I read the other topics (SDL2 porting) and I see there is an "incentive" to go back to have a possibility of sync by video, lured in by nice smooth scrolls.
Maybe sounds crazy, but what about both at once?
I was toying with this thought with my own emulator project, and I feel it might be possible, although definitely not on a permanently on basis, just as a feature. Video might be the tougher part, since you can only sync to vsync, and have no info between two vsyncs. With sound, you can measure the lag more precisely by how full your audio buffer is. If the program syncs to video, and it is about 60Hz all right, then in the long run, by monitoring the audio buffer's load, it could be possible to manage the audio output rate to align with video.

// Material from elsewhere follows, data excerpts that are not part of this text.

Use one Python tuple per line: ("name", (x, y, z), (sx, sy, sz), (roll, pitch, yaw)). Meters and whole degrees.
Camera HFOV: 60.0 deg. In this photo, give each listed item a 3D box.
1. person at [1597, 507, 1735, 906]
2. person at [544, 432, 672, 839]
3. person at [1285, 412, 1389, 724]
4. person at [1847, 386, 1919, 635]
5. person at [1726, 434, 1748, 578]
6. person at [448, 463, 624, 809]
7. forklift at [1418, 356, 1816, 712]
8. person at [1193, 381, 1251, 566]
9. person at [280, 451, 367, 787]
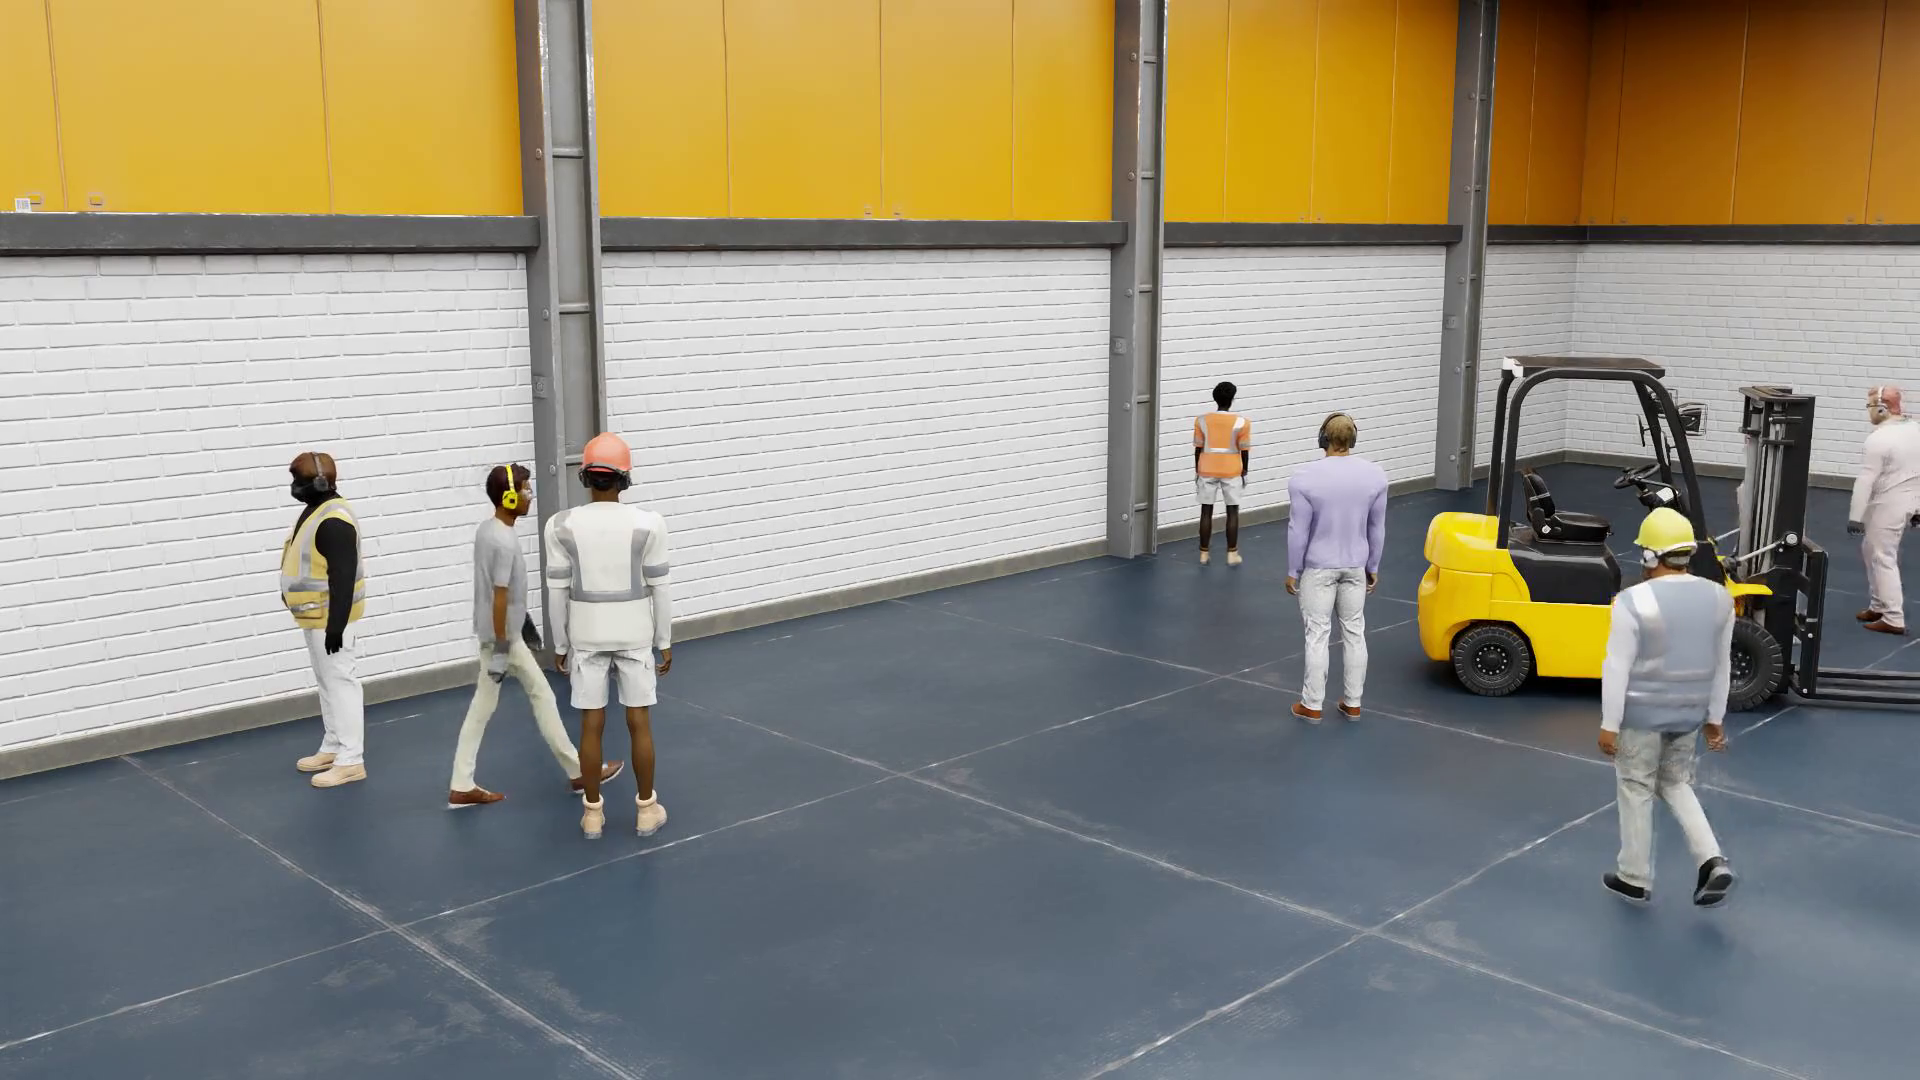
("person", (3.131, 0.771, 7.346), (0.598, 1.820, 0.545), (-3, 11, -15))
("person", (-1.738, 0.482, 8.309), (0.607, 2.044, 0.378), (-1, 10, -6))
("person", (2.304, 0.176, 10.264), (0.630, 1.940, 0.372), (-2, 11, -10))
("person", (6.972, -0.230, 12.633), (0.665, 1.876, 0.642), (-6, 12, -31))
("person", (5.758, -0.013, 12.196), (0.826, 1.598, 0.527), (2, 11, 10))
("person", (-2.316, 0.502, 8.818), (0.946, 1.822, 0.503), (-6, 12, -29))
("forklift", (4.276, -0.101, 11.076), (2.313, 2.155, 1.214), (2, 11, 13))
("person", (2.383, -0.601, 15.198), (0.536, 1.688, 0.318), (3, 11, 18))
("person", (-3.505, 0.425, 9.174), (0.429, 1.842, 0.628), (-6, 12, -32))

The simplest it is to imagine by that, say, the emulator starts with 15734Hz as normal, and outputs samples with this rate. If it experiences that the buffer is draining, it increases the rate slightly, say, to 15770Hz, hoping it can catch on. If it experiences that the buffer becomes ever longer, then does the opposite, reducing the rate to, say, 15700Hz. Of course not in such a crude manner, the point is that the program should slowly discover the true skew between video and audio, and play the latter with very little fluctuation in output rate.

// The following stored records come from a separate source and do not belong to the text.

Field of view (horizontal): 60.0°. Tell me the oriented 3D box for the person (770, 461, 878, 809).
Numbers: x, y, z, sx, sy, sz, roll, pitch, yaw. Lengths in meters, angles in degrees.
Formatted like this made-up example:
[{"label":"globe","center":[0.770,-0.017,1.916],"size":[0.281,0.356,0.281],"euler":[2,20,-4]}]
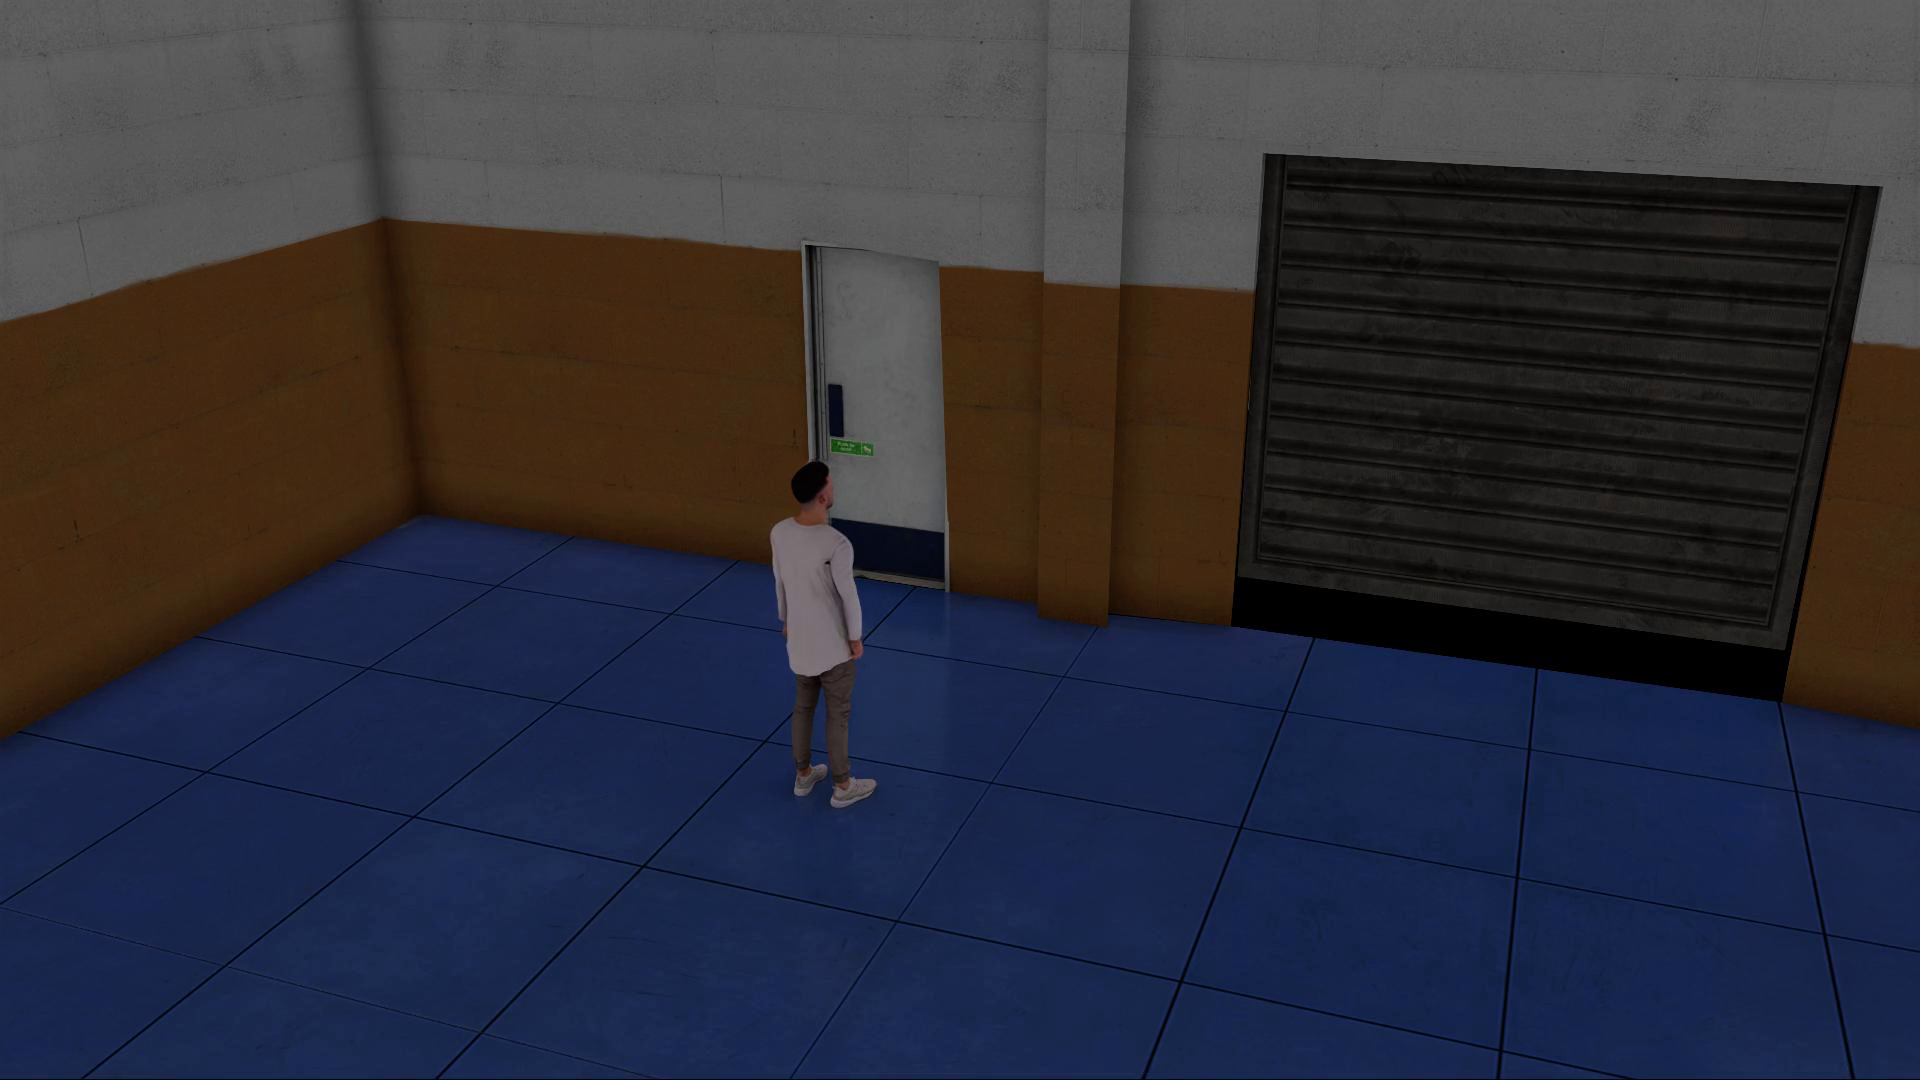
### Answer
[{"label":"person","center":[-0.704,0.470,8.383],"size":[0.594,1.840,0.783],"euler":[15,26,32]}]

Just an idea, I think this shouldn't be attempted right now, for now lets just get the emulator working well. The change to 48KHz, and removing the kernel dependency is something which should be done, I think, as soon as possible (it also even eases a bit kernel development without real HW). If playing back 15734Hz at 48KHz, I don't even think interpolation is that much necessary, just spit out the samples when they come. Most will span 3 48KHz samples with an occasional 4, I don't think that would be anything really audible. Basically write_io just sets the sample value, then when the 48KHz buffer needs it by elapsed cycles, update_hardware pushes whatever is on the port (PWM output) into the audio output puffer. So it becomes completely independent of how the kernel is coded (or does it even output at all). This type of solution makes it easier to implement changing the elapsed cycles later, so even the above idea may be built on top of it.